Sevabertinib shows strong efficacy in HER2-mutant NSCLC, with an overall response rate (ORR) of 64% and median progression-free survival (PFS) of 8.3 months in previously treated, HER2-TKI–naive patients, and an overall response rate (ORR) of 71% with a duration of response (DOR) of 11.0 months in first-line therapy. Activity is highest in TKD mutations, especially Y772_A775dupYVMA, and intracranial responses are seen. Safety is manageable: diarrhea is common but mostly low grade, with grade ≥3 in 5–23% and rare discontinuations. Notably, interstitial lung disease (ILD) was not observed. These data position sevabertinib as a viable oral TKI alongside ADCs for HER2-mutant NSCLC, particularly for TKD/YVMA disease.

Overall Survival with Amivantamab–Lazertinib in EGFR-Mutated Advanced NSCLC

The combination therapy demonstrated improved overall survival (a 25% reduction in mortality) but was associated with increased toxicity, including skin rash and venous thromboembolic events (VTEs). Single-agent osimertinib may lose its role as monotherapy for EGFR-mutated NSCLC, as the FLAURA2 trial showed that combining osimertinib with chemotherapy yielded better outcomes than osimertinib alone.
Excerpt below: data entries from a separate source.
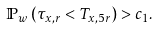Convert formula to latex. <formula><loc_0><loc_0><loc_500><loc_500>\mathbb { P } _ { w } \left ( \tau _ { x , r } < T _ { x , 5 r } \right ) > c _ { 1 } .</formula> 
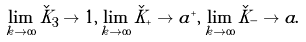Convert formula to latex. <formula><loc_0><loc_0><loc_500><loc_500>\lim _ { k \to \infty } \check { K } _ { 3 } \to 1 , \lim _ { k \to \infty } \check { K } _ { + } \to a ^ { + } , \lim _ { k \to \infty } \check { K } _ { - } \to a .</formula> 
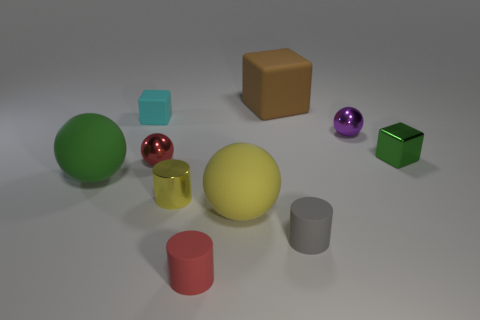What color is the small cylinder that is to the right of the big brown rubber block?
Offer a terse response. Gray. Does the large rubber sphere to the right of the red metallic ball have the same color as the shiny cylinder?
Keep it short and to the point. Yes. The yellow thing that is the same shape as the big green thing is what size?
Provide a succinct answer. Large. There is a red thing that is in front of the matte ball that is left of the red object that is behind the yellow matte ball; what is its material?
Offer a very short reply. Rubber. Are there more small rubber objects in front of the yellow metal object than spheres that are on the left side of the tiny red metallic ball?
Make the answer very short. Yes. Is the purple object the same size as the yellow ball?
Your answer should be compact. No. What color is the other rubber object that is the same shape as the brown rubber object?
Ensure brevity in your answer.  Cyan. How many large things have the same color as the tiny metallic cylinder?
Your answer should be compact. 1. Is the number of small cylinders that are in front of the gray rubber cylinder greater than the number of large purple matte cylinders?
Give a very brief answer. Yes. The rubber ball on the right side of the red thing on the left side of the tiny red matte cylinder is what color?
Keep it short and to the point. Yellow.

Neoadjuvant Osimertinib for Resectable EGFR-Mutated Non–Small Cell Lung Cancer

The phase III NeoADAURA trial evaluated neoadjuvant osimertinib (OSI) with or without platinum-based chemotherapy (CT) versus CT alone in resectable, EGFR-mutated stage II-IIIB non-small cell lung cancer (NSCLC). Both OSI+CT and OSI monotherapy significantly improved major pathologic response (MPR: 26% and 25% vs 2%), and 12-month event-free survival (EFS) rates were higher with OSI-containing regimens (OSI+CT 93%, OSI 95%, CT 83%). Nodal downstaging was also more frequent with OSI arms (53% vs 21%). Neoadjuvant OSI—with or without CT—looks like a real step forward for our EGFR-mutant NSCLC patients, especially given the robust pathologic responses and high rates of surgical completion.

Phase III Study of Mediastinal Lymph Node Dissection for Ground Glass Opacity–Dominant Lung Adenocarcinoma

This large, well-done study compared systematic mediastinal lymph node dissection (LND) versus no LND in patients with GGO-dominant invasive lung adenocarcinoma (CTR ≤0.5, ≤3 cm, cT1N0M0). Interim analysis of 302 patients showed no lymph node metastases in either arm, with both groups achieving 3-year disease-free survival (DFS) and overall survival (OS) of 100% at the time of analysis. The no LND arm had significantly shorter surgery duration (74 vs 109 min), less blood loss (44 vs 82 mL), shorter hospital stays (3.9 vs 4.5 days), and fewer grade ≥2 complications (3.3% vs 9.3%). Based on these findings, the trial was terminated early for nonmaleficence, and the authors recommend omitting systematic mediastinal LND in this population. In short, for carefully selected GGO-dominant lung adenocarcinoma, skipping mediastinal LND appears safe and spares patients’ unnecessary morbidity—this could be a real practice-changer for our early-stage, node-negative cases.